Tout a commencé le jeudi 23 janvier à Bologne à quelques pas de la place Maggiore. C'est ici dans la librairie Feltrinelli de la place Galvani que s'est vérifié un fait en soi banal et anodin : un client chargé de bagages fait sonner, en sortant, le système électronique antivol — un des nombreux reflets de l'existence carcérale à laquelle nous sommes tous condamnés. Un vendeur lui court après en s'accrochant à son bras et à sa valise, commence à hurler et appelle les policiers du quartier. Il fait un tel boucan qu'il oblige le client à revenir sur ses pas. Et voilà que de ses sacs sortent quelques livres : " Beaucoup ! ", doit avoir pensé le vendeur qui passe de l'agitation à la stupéfaction, appelle la police et lui remet le redoutable voleur. Rien de particulier, dirait-on. Un petit vol parmi ceux qui se déroulent tous les jours et qui finissent par un procès verbal voué à se perdre dans les méandres de la bureaucratie judiciaire, ou tout au plus à être absorbé par le parachute légal appelé conditionnelle.

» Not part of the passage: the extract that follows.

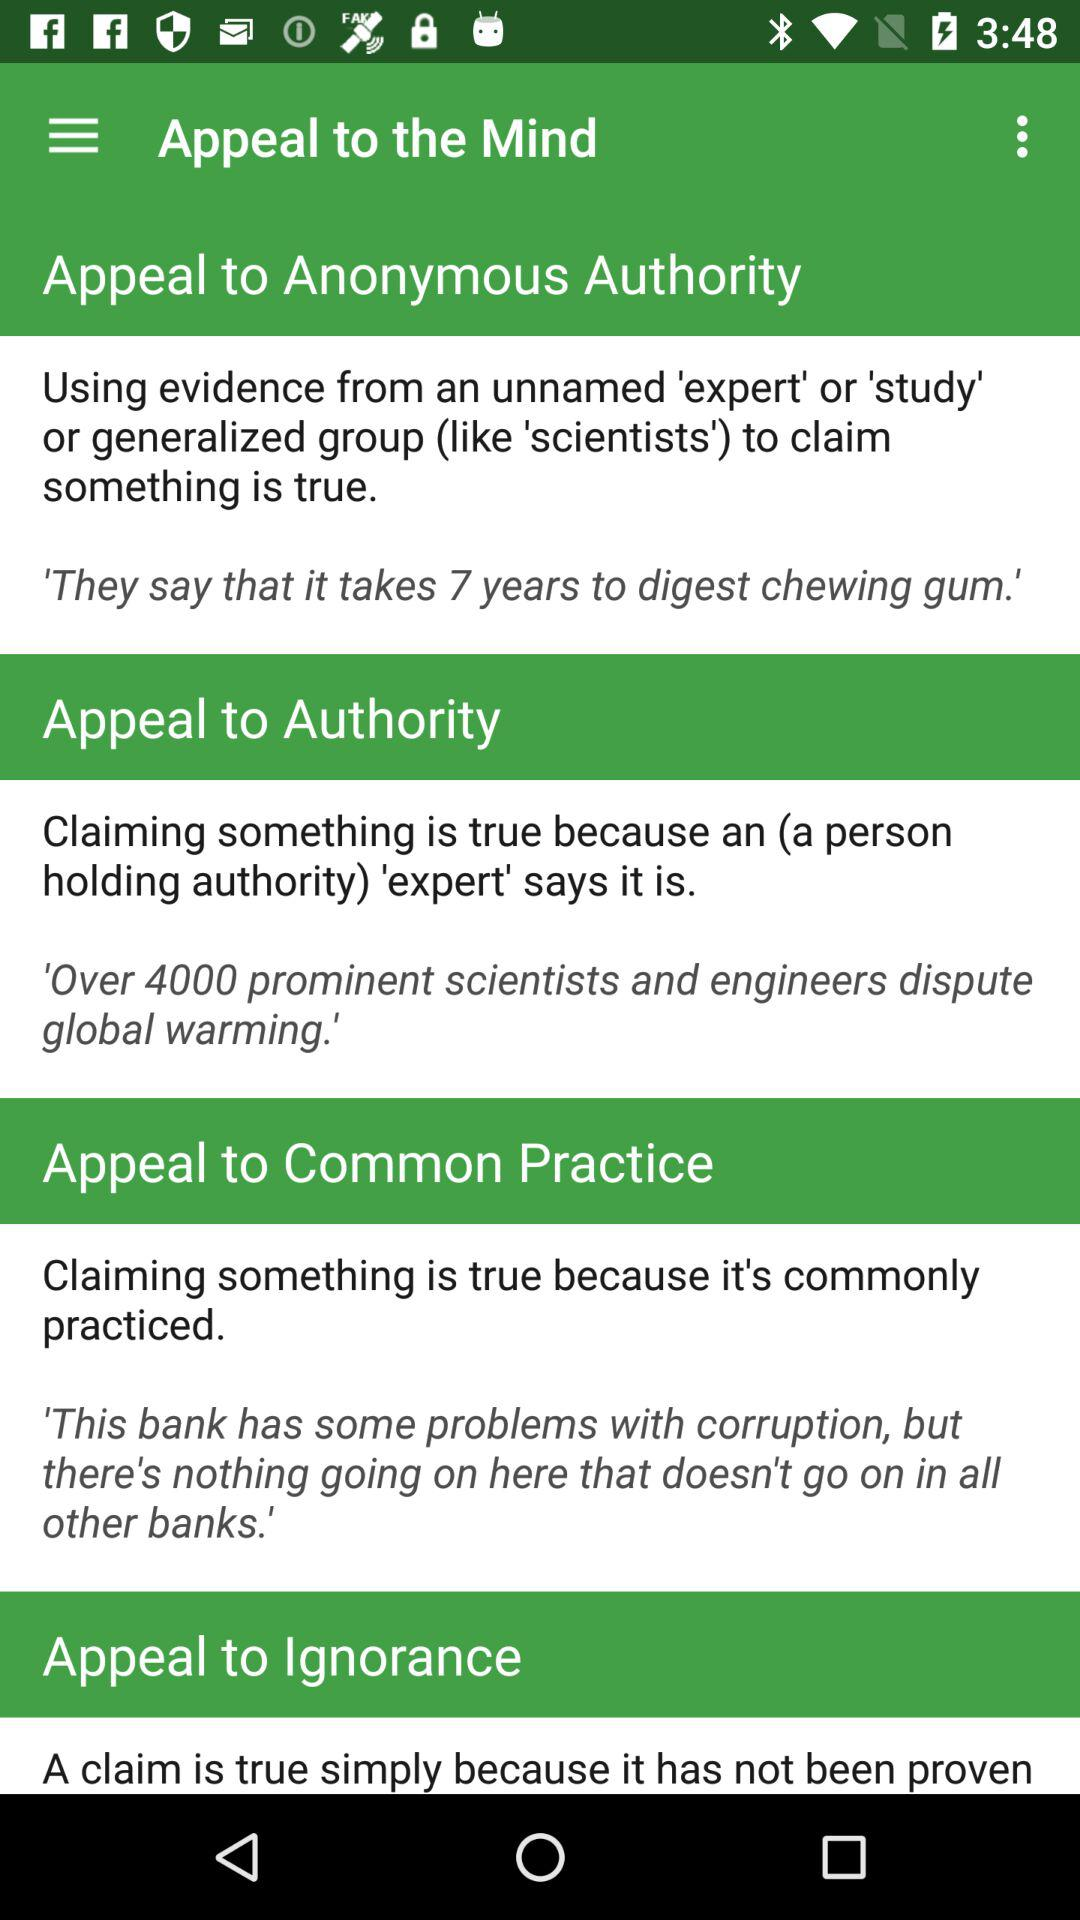How many years does it take to digest chewing gum? It takes 7 years to digest chewing gum.

Eh bien non. En réalité, il s'agit du début d'une histoire qui en termes littéraires se définit comme kafkaïenne. Le vorace bibliophile est en fait bien connu des forces de l'ordre. Il est anarchiste. Pire, c’est un anarchiste insurrectionnaliste. Encore pire, c'est l'un de ceux qui par deux fois n'a pu être condamné par un juge de Rome.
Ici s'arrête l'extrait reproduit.